Bunun üzerine, Aydın 1. Asliye Ceza Mahkemesi itirazı değerlendirerek, itirazın reddi yönünde karar verdi. Dolayısıyla pankartımız hakkındaki el koyma kararı kaldırıldı ve 30.04.2012 tarihinde bize teslim edildi. Biz de pankartımızı, 30.04.2012 Pazartesi günü öğle saatlerinde parti binamıza tekrar astık. Ancak, Aydın valiliği apar topar idari bir kararla, mahkeme kararlarını adeta hiçe sayarak, pankartımız hakkında el koyma kararı çıkardı ve pankartımıza akşam saatlerinde binamızda el konuldu. Düşüne biliyor musunuz? Aydın Valiliği mahkeme kararlarını hiçe sayarak, hukuka kendini bağlı hissetmeden pankartımıza keyfi ve tahammülsüz bir şekilde el koyuyor. Bu hukuksal açıdan skandaldır.

"AKP hukuksuzluk üzerinden iktidarını sağlamlaştırıyor"
Çünkü, özellikle yöneticilerin mahkeme kararlarına uymaları, saygı göstermeleri hukuk edvleti olmanın temel koşuludur. Ancak hukukun yok sayıldığı, hukuksuzluk eliyle ülkenin yönetildiği bir dönemde olduğumuz için TKP olarak buna şaşırmıyoruz. Biliyoruz ki AKP, hukuksuzluğu bu ülkede egemen kıldı. Biliyoruz ki, ülkemizde AKP hukuk (hukuksuzluk) eliyle iktidarını sağlamlaştırıyor. Yargıyı baskı aracı haline getirerek ülkemizi dönüştürdüğü, muhaliflerini tasfiye etmeye çalıştığı herkesin malumu. Başbakanın “Yargıya gereken talimatı verdim” şeklinde konuştuğu ve açıkça Anayasa’yı ihlal ettiği noktada Hukuk Devletinden bahsetmek zaten mümkün değildir. Aydın Valiliği’nin pankartımıza el koyma kararı bu yüzden ülkemizdeki genel tablonun bir yansıması olup, açıkça hukuka saygısızlık örneğidir.

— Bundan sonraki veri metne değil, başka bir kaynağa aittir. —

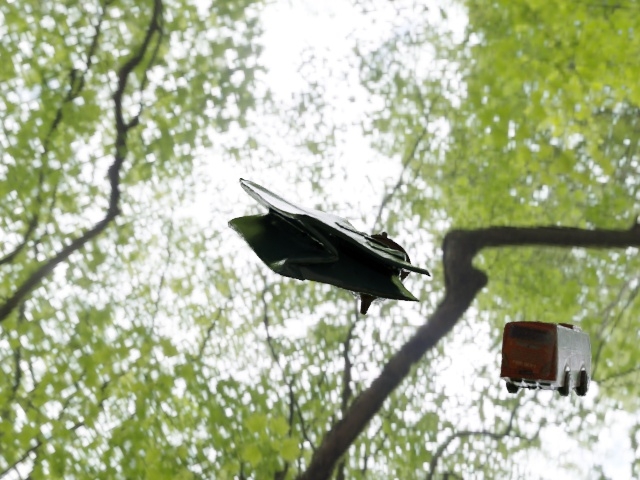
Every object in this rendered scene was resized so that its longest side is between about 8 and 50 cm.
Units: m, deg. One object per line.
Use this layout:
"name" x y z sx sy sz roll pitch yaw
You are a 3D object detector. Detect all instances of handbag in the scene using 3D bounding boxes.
"handbag" 0.000 0.000 0.852 0.144 0.057 0.221 17 -174 -23

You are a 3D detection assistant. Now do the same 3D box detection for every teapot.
"teapot" 0.065 0.036 1.093 0.076 0.068 0.121 20 -134 -8

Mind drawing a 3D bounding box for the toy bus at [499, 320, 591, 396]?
"toy bus" 0.235 0.120 0.915 0.065 0.192 0.077 3 -96 26
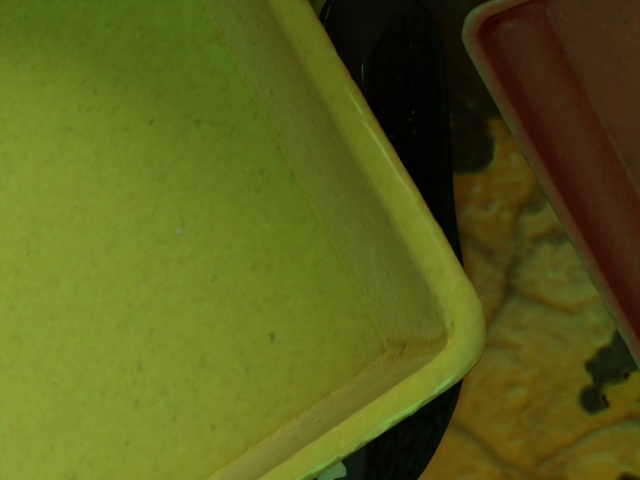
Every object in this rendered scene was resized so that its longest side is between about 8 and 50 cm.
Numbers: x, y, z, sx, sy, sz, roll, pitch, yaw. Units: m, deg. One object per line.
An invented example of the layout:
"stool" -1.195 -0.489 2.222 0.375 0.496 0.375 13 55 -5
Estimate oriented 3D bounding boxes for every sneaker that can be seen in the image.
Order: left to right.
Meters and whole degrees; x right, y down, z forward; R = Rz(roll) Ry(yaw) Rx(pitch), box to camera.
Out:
"sneaker" 0.000 0.000 0.742 0.097 0.084 0.234 10 109 33

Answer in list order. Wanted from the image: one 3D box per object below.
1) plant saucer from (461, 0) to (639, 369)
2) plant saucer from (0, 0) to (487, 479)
"plant saucer" 0.219 -0.034 0.650 0.258 0.047 0.259 -20 121 21
"plant saucer" -0.128 0.007 0.678 0.333 0.081 0.332 -35 60 13
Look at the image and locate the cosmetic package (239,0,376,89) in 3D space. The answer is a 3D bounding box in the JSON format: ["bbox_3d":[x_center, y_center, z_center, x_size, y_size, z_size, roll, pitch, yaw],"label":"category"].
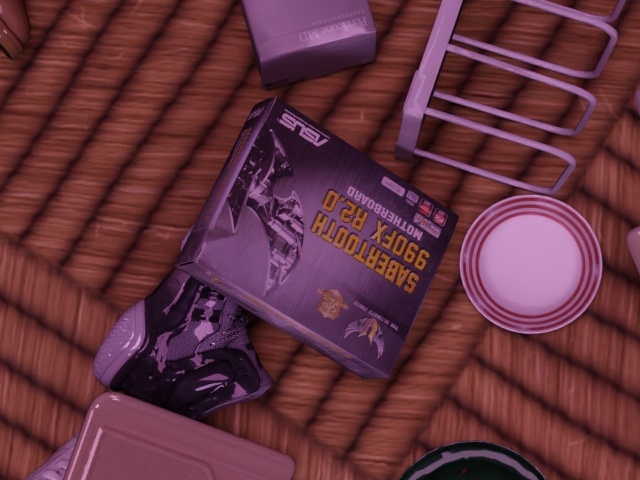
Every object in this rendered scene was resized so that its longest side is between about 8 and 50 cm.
[{"bbox_3d":[-0.031,-0.286,1.713,0.127,0.107,0.238,-17,76,-3],"label":"cosmetic package"}]

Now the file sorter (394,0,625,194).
[{"bbox_3d":[0.197,-0.202,1.639,0.173,0.193,0.277,19,81,4],"label":"file sorter"}]

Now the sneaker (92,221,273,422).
[{"bbox_3d":[-0.088,0.071,1.652,0.153,0.101,0.268,40,90,9],"label":"sneaker"}]

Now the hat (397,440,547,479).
[{"bbox_3d":[0.127,0.275,1.553,0.208,0.183,0.173,-44,78,-5],"label":"hat"}]

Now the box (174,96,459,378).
[{"bbox_3d":[0.000,0.000,1.613,0.231,0.056,0.183,33,70,-20],"label":"box"}]

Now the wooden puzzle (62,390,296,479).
[{"bbox_3d":[-0.156,0.285,1.605,0.221,0.044,0.238,23,83,-23],"label":"wooden puzzle"}]

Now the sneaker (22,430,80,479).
[{"bbox_3d":[-0.252,0.253,1.623,0.229,0.092,0.087,-44,80,-1],"label":"sneaker"}]

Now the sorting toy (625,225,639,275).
[{"bbox_3d":[0.416,0.025,1.608,0.208,0.038,0.193,-27,115,0],"label":"sorting toy"}]

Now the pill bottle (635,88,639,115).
[{"bbox_3d":[0.450,-0.166,1.634,0.272,0.152,0.152,-30,79,-3],"label":"pill bottle"}]

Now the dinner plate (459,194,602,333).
[{"bbox_3d":[0.209,0.024,1.682,0.141,0.017,0.141,0,79,2],"label":"dinner plate"}]

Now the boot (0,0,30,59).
[{"bbox_3d":[-0.277,-0.350,1.748,0.270,0.089,0.236,-33,79,-4],"label":"boot"}]
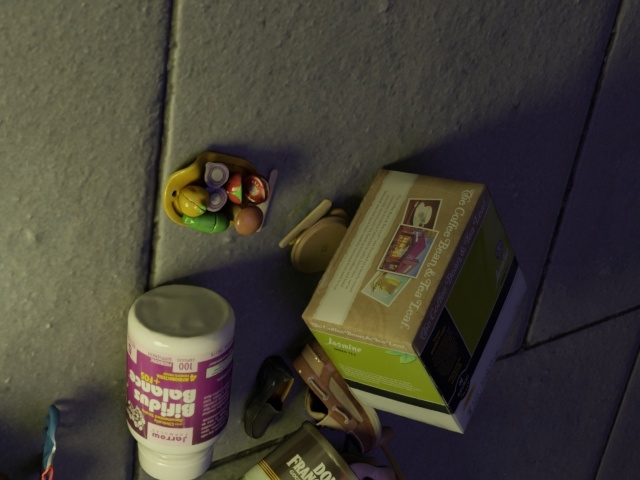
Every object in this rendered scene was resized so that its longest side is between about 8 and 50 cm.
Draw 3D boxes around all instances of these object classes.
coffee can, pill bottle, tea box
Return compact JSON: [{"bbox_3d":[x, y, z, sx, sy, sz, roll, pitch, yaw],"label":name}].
[{"bbox_3d":[-0.067,0.505,2.047,0.275,0.201,0.202,-39,137,-11],"label":"coffee can"},{"bbox_3d":[-0.228,0.236,1.748,0.169,0.169,0.302,-16,127,-33],"label":"pill bottle"},{"bbox_3d":[0.178,0.105,1.906,0.329,0.219,0.324,-61,144,-26],"label":"tea box"}]

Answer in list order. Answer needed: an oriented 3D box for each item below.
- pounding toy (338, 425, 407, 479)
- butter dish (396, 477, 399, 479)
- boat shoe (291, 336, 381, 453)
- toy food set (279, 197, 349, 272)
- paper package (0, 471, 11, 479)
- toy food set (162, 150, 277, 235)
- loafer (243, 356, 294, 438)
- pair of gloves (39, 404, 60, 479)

"AKP'ye karşı mücadelemizi yükselteceğiz"
Bu tür davalar hukuk mantığıyla açıklanabilir mi? AKP hukuk mantığını ve evrensel hukuk ilkelerini adeta katletmiştir. Bugün gündemde olan büyük davaların (Ergenekon, KCK, Oda TV. vs.) hepsi siyasi davalardır. Ülkemizin dönüştürülmesine, AKP’nin kendi rejimini inşa etmesine ve sağlamlaştırılmasına hizmet eden davalardır. Öylesine hukuksuzluklar vardır ki, bunları hukuk mantığıyla izah etmek bir yana, vicdan ve akıl ışığında bile açıklamak mümkün değildir. Partimizin pankartı hakkında ülkemizin çeşitli yerlerinde açılan davalar da kesinlikle siyasi niteliklidir. Amaç, muhalifleri yıldırmak, baskı altına almaktır. Yargının, toplumu baskı altına alma amaçlı kullanıldığı bir süreçten geçtiğimiz açıktır. Ancak, TKP olarak sinmeyeceğimiz aksine AKP’ye karşı mücadelemizi de yükselteceğimiz açıktır. AKP, belirli dirençlerle karşılaştıkça, belli noktalarda tıkandıkça, bu hukuksuzluklarına hız verecektir. Yani bu tür davaların artma olasılığı önümüzdeki günlerde kuvvetle muhtemeldir.

AKP, panikledikçe ve öfkelendikçe, hukuksuzluk silahına daha fazla sarılacak, yargıyı daha fazla araç olarak kullanmaya çalışacaktır. Yargılandığım mahkemede de söylediğim gibi, hakkımda açılan dava hukuk açısından yorumladığımızda anormaldir ancak siyasi açıdan yorumladığımızda son derece normaldir. Elbette hukukçu olarak da baktığımda, hukukun ve yargının baskı ve sindirme amaçlı kullanılması son derece üzüntü vericidir. Bu tür davalarda, mahkemelerin vereceği her iyi karar hukukun namusunu koruma ve aydınlık Türkiye mücadelesine katkı niteliğinde olacaktır.